B. DataONE System Capacity 
6 Number of Member Nodes 
7 Total storage capacity at Member Nodes 
8 Geographic coverage of Member Nodes – continents, regions, and countries covered 
9 Number of Coordinating Nodes 
10 Total storage capacity at Coordinating Nodes 
11 Geographic coverage of Coordinating Nodes – continents, regions, and countries covered 

C. DataONE Usage Statistics 
12 Number of web hits on DataONE portal 
13 Number of DataONE users – (note: recording of individual IP addresses may be most readily implemented; requiring users to login to Member Nodes is not presently required)  
14 Number of downloads of tools from the Investigator Toolkit 
15 Number of metadata catalog searches completed – (note: over time it may also be desirable to assess precision and recall of incoming searches) 
16 Number of DataONE datasets downloaded (daily, weekly, monthly, annually) – (note: this may be straightforward if included in specifications for Member Node data, impossible otherwise) 
17 Most frequently downloaded datasets 

D. Reliability and System Performance 
18 Uptime (availability) of Coordinating Nodes 
19 Uptime (availability) of Member Nodes – (note: tracked if heartbeat is fully implemented) 
20 Server response time 
21 Response time of user interface 


----
(Bruce has a bunch of storage space  that could be used temporarily through 2011)

- How long did it take EVA to develop their data integration


Stress testing
    client tools will be needed to stress test or at least test
    part of stress testing will be to break things and make sure that the replication and redundancy worked.
    
(Matt) it would be good to have a test platform. 
(note we can deploy dev and prod in a VM environment)

Need to have a requirements document that outlines the designed scalability


Feedback: (during 1:00 PM MDT report-back)

(Bill)
* If we want eval by eval WG we will have to figure out when ot do it and plan.
Can a subset fo the group do that?
We need tofigure out how to do that over the next year.

* July EVA WG meeting would be a good place to get some feedback.
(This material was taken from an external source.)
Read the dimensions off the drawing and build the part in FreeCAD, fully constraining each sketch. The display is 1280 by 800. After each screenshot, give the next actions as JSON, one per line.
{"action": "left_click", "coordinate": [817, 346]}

This could be a milestone - get feedback from EVA

* Review of arch. by tiger teams. These could be mash-ups. You could break these up into Arch components. Bringing them together face to face can help.

* wrt ITK, spekaing form a naive perspective, it seems that one opportunity might be to prototype some of the with teh EVA DB. That way we would have something to so and in that way it might lead to a better iterative development in the long term and lead to short term successes.